Your objective:
What is needed is an exact copy of every entry.

Records shown:
◆ ◆ ◆ ◆ ◆
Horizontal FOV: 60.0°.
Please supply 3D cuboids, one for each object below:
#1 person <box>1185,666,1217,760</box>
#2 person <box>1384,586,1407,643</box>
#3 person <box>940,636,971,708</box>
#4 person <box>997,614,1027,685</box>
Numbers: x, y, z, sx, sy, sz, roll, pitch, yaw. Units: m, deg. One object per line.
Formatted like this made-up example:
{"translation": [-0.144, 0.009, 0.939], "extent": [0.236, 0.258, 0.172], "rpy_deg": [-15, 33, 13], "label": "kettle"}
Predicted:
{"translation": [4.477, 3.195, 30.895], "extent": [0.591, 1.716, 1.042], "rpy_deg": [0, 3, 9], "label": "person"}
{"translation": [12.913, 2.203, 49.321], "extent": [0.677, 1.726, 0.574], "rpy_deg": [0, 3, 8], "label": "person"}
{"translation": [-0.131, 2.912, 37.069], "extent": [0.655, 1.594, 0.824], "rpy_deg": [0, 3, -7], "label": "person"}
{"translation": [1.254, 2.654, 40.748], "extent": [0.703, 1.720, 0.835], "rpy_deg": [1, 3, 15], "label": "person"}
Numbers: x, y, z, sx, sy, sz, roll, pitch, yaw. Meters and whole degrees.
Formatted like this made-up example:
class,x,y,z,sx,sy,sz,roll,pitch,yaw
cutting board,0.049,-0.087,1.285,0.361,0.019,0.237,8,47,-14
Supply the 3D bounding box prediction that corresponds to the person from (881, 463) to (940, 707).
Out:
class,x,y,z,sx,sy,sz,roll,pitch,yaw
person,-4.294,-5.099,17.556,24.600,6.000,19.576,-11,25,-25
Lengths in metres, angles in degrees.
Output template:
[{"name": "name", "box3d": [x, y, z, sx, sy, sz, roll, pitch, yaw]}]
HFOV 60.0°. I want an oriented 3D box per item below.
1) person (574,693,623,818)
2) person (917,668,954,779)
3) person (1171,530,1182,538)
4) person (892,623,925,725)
◆ ◆ ◆ ◆ ◆
Answer for this exercise:
Horizontal FOV: 60.0°.
Please supply 3D cuboids, one for each object below:
#1 person <box>1185,666,1217,760</box>
#2 person <box>1384,586,1407,643</box>
#3 person <box>940,636,971,708</box>
#4 person <box>997,614,1027,685</box>
Numbers: x, y, z, sx, sy, sz, roll, pitch, yaw. Units: m, deg. One object per line.
Formatted like this made-up example:
{"translation": [-0.144, 0.009, 0.939], "extent": [0.236, 0.258, 0.172], "rpy_deg": [-15, 33, 13], "label": "kettle"}
Predicted:
{"translation": [4.477, 3.195, 30.895], "extent": [0.591, 1.716, 1.042], "rpy_deg": [0, 3, 9], "label": "person"}
{"translation": [12.913, 2.203, 49.321], "extent": [0.677, 1.726, 0.574], "rpy_deg": [0, 3, 8], "label": "person"}
{"translation": [-0.131, 2.912, 37.069], "extent": [0.655, 1.594, 0.824], "rpy_deg": [0, 3, -7], "label": "person"}
{"translation": [1.254, 2.654, 40.748], "extent": [0.703, 1.720, 0.835], "rpy_deg": [1, 3, 15], "label": "person"}
Numbers: x, y, z, sx, sy, sz, roll, pitch, yaw. Meters and whole degrees.
Formatted like this made-up example:
class,x,y,z,sx,sy,sz,roll,pitch,yaw
cutting board,0.049,-0.087,1.285,0.361,0.019,0.237,8,47,-14
Supply the 3D bounding box prediction that corresponds to the person from (881, 463) to (940, 707).
Out:
class,x,y,z,sx,sy,sz,roll,pitch,yaw
person,-4.294,-5.099,17.556,24.600,6.000,19.576,-11,25,-25
Lengths in metres, angles in degrees.
Output template:
[{"name": "name", "box3d": [x, y, z, sx, sy, sz, roll, pitch, yaw]}]
HFOV 60.0°. I want an oriented 3D box per item below.
1) person (574,693,623,818)
2) person (917,668,954,779)
3) person (1171,530,1182,538)
4) person (892,623,925,725)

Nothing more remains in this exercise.